The second hypothesis, that for people evidencing homeostatic defeat at baseline, the intervention will raise their SWB substantially, is also supported. Again according to theory, groups below 70 points comprise people who either are operating in the lower portion of their set-point-range, or who have left the range due to homeostatic failure. It is thus predicted that, the further the T1 group mean lies below 70 points, the greater will be the average discrepancy between set-points and measured SWB. As a consequence, in response to an effective intervention, at T2 the magnitude of increase in SWB should be linearly and inversely related to the magnitude of the T1 group mean score. The results reflect this predicted trend, as the lowest-ranking respondents evidence the largest positive responses to the intervention.

These findings are consistent with results reported from another intervention program for at-risk populations. Earlier, we described the Penn Resiliency Program and noted that the authors had drawn positive conclusions based on small effect sizes. However, one effect that did achieve statistical significance was in relation to ‘targeted’ rather than ‘universal’ samples. Targeted samples comprised participants known to be ‘at-risk’ for depression. Universal samples, by contrast, had no such predisposition. The intervention was found to be most efficacious for adolescent participants who reported elevated depressive symptoms at baseline.

In summary, the efficacy of intervention programs that aim to increase SWB are most evident for samples experiencing homeostatic challenge or defeat at baseline. Then, subject to the intervention providing appropriate supportive resources, it is likely that SWB will rise. However, when participants at baseline are maintaining a normal-range level of SWB there is little likelihood that the intervention will effectively raise SWB.

4.1 Study Implications for Policy and Practice

There is no question as to the value of investing in intervention strategies directed toward improving the psychological wellbeing of people and groups in need. However, in a world of finite resources, it is imperative that governments, schools and policy makers make informed decisions about how to best distribute resources for this purpose. According to Brunwasser et al. (2009) commenting on the implementation of intervention strategies, they recommend that implementation of an intervention is justified only if the existing data show promise. In this light, it is concerning that the popularity of Positive Psychology has seen recent attention directed towards implementing new strategies to increase mood happiness and SWB based on findings which are yet to establish their efficacy.

The results presented in this study contribute to our understanding of the potential for interventions to improve SWB by highlighting the need for targeted-programs.

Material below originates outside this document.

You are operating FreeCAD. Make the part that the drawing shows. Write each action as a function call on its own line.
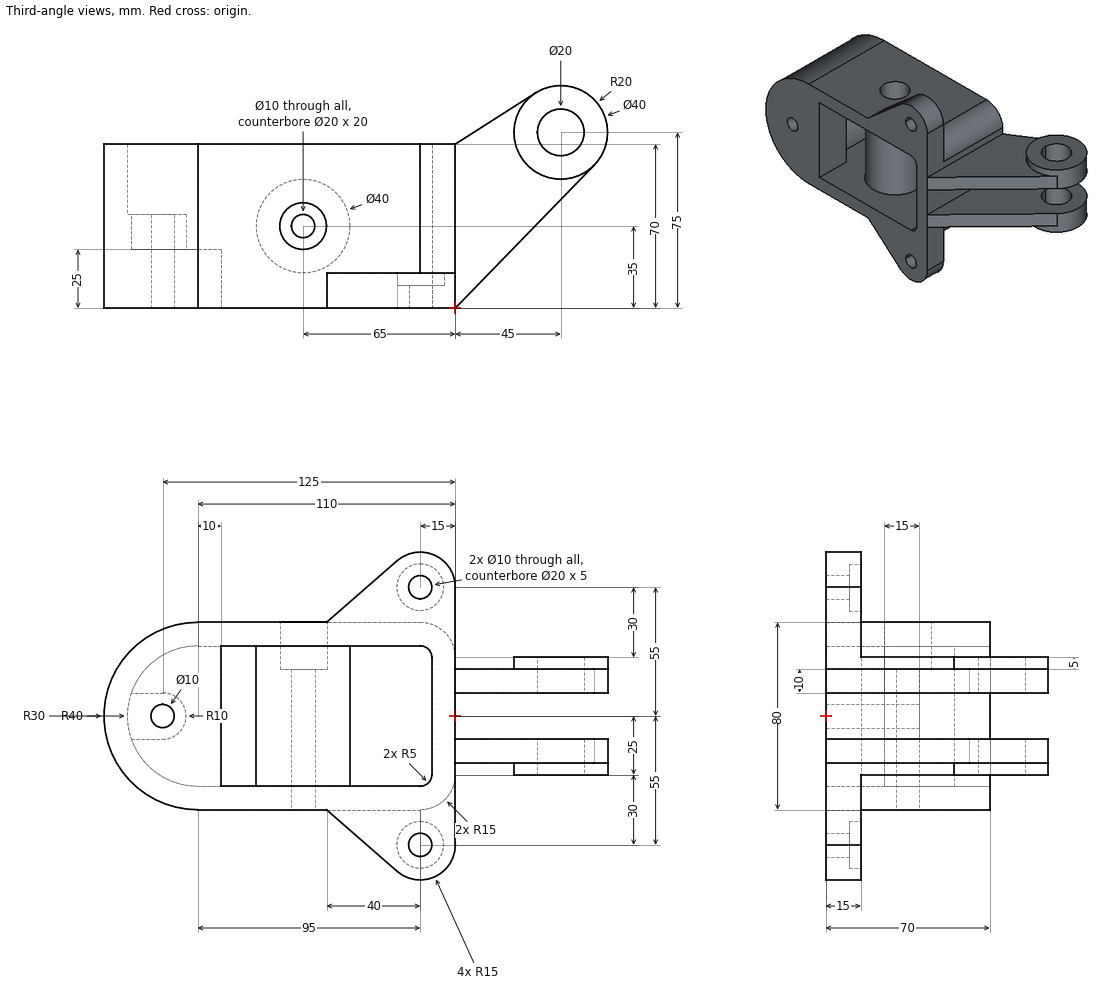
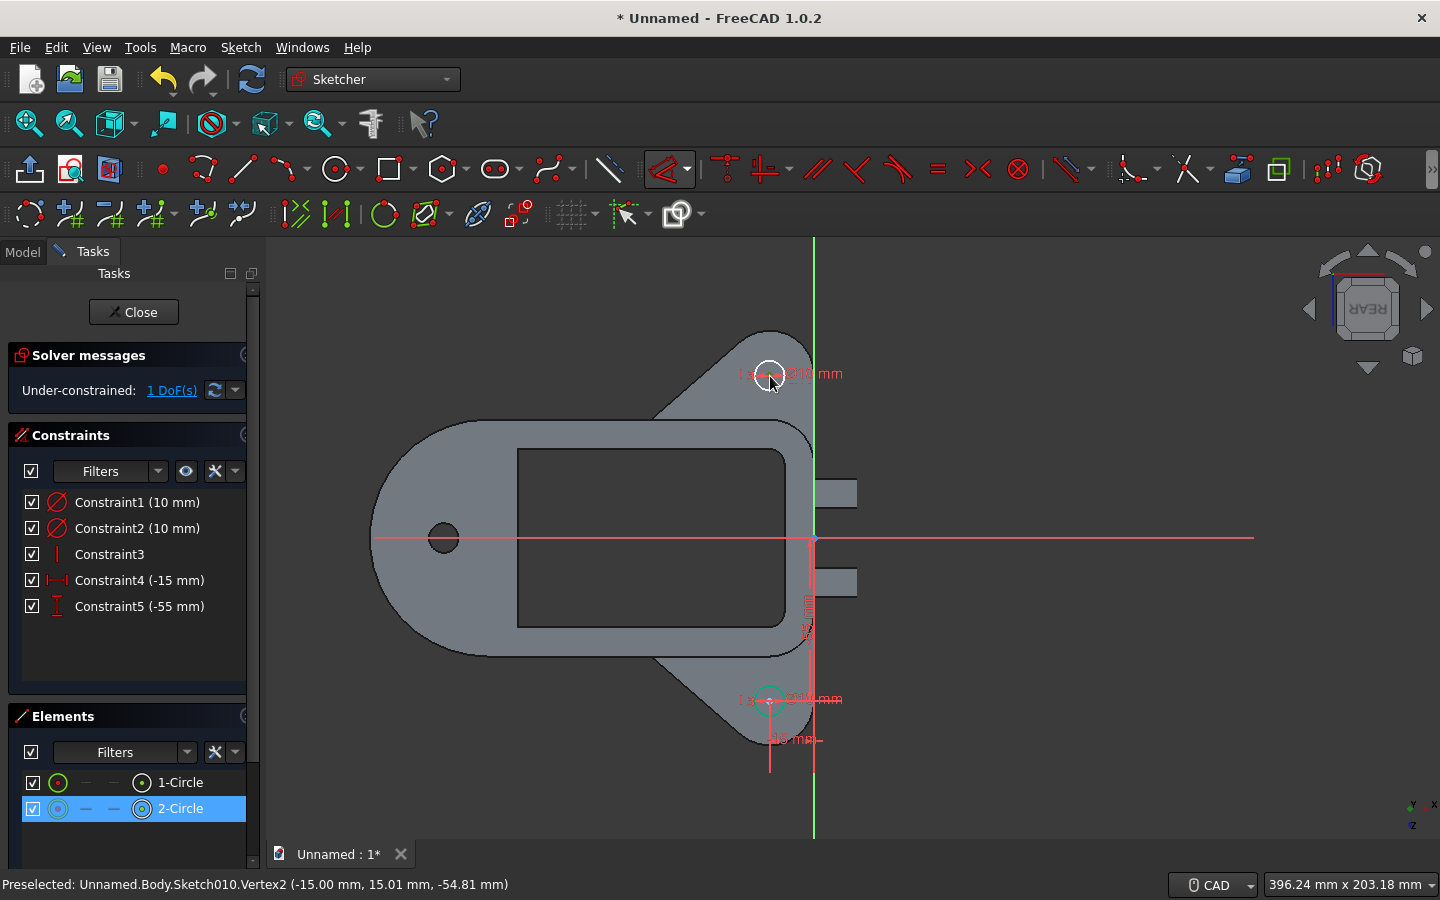
key(i)

The results clearly demonstrate that people at the lower end of the SWB spectrum will be most responsive to intervention and have the greatest potential to benefit from additional resources.

Our concluding thought is that it may be time to herald an era of ‘Resilience Psychology’. Rather than focusing on interventions aimed at enhancing the wellbeing of people who are already well, it is suggested that concerted efforts be directed toward building personal resources and strengthening relationships, with the primary aim to enhance one’s defence system against potential threats to SWB homeostasis. It is possible that the promotion of resilience in universal samples may prove more efficacious in the long-term than positive psychology practices that promise immediate improvement for all people, regardless of their current levels of SWB and genetic tendency to experience mood affect.